▶ **Required work**
Nothing but the lines from the one containing "table_header Betreft [549, 449, 850, 474]" through the final line of the listing should appear in the answer, each exactly as written.

▶ **Dataset records**
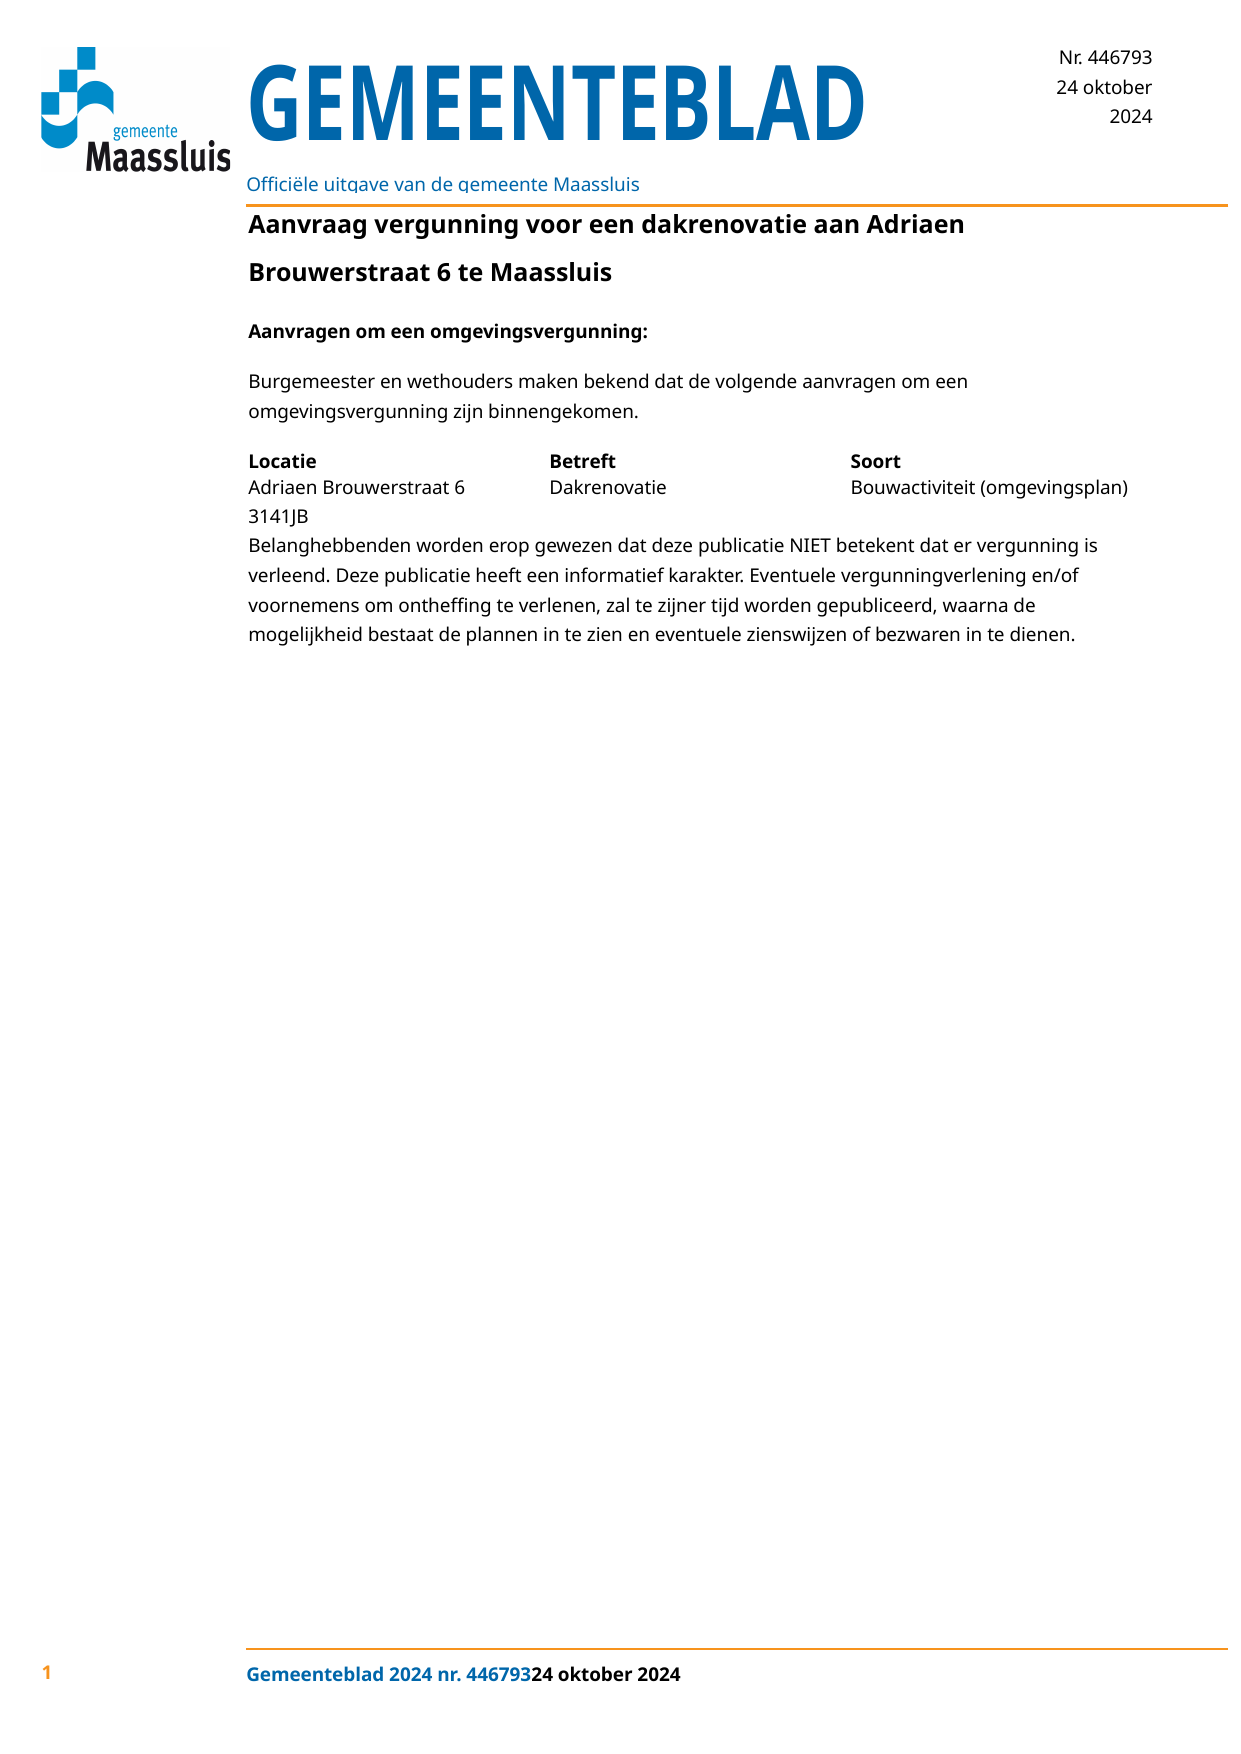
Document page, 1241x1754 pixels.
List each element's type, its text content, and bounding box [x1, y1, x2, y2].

text Burgemeester en wethouders maken bekend dat de volgende aanvragen om een omgevingsvergunning zijn binnengekomen. [248, 368, 1152, 424]
text Belanghebbenden worden erop gewezen dat deze publicatie NIET betekent dat er vergunning is verleend. Deze publicatie heeft een informatief karakter. Eventuele vergunningverlening en/of voornemens om ontheffing te verlenen, zal te zijner tijd worden gepubliceerd, waarna de mogelijkheid bestaat de plannen in te zien en eventuele zienswijzen of bezwaren in te dienen. [248, 533, 1152, 647]
picture [41, 47, 77, 92]
table_cell Bouwactiviteit (omgevingsplan) [850, 474, 1152, 529]
table_header Soort [850, 449, 1152, 474]
table_cell Dakrenovatie [549, 474, 850, 529]
text Aanvraag vergunning voor een dakrenovatie aan Adriaen Brouwerstraat 6 te Maassluis [248, 207, 1152, 288]
table_header Betreft [549, 449, 850, 474]
picture [41, 47, 231, 172]
text Aanvragen om een omgevingsvergunning: [248, 318, 1152, 344]
table_cell Adriaen Brouwerstraat 6 3141JB [248, 474, 549, 529]
table_header Locatie [248, 449, 549, 474]

▶ **Exercise output**
table_header Betreft [549, 449, 850, 474]
picture [41, 47, 231, 172]
text Aanvragen om een omgevingsvergunning: [248, 318, 1152, 344]
table_cell Adriaen Brouwerstraat 6 3141JB [248, 474, 549, 529]
table_header Locatie [248, 449, 549, 474]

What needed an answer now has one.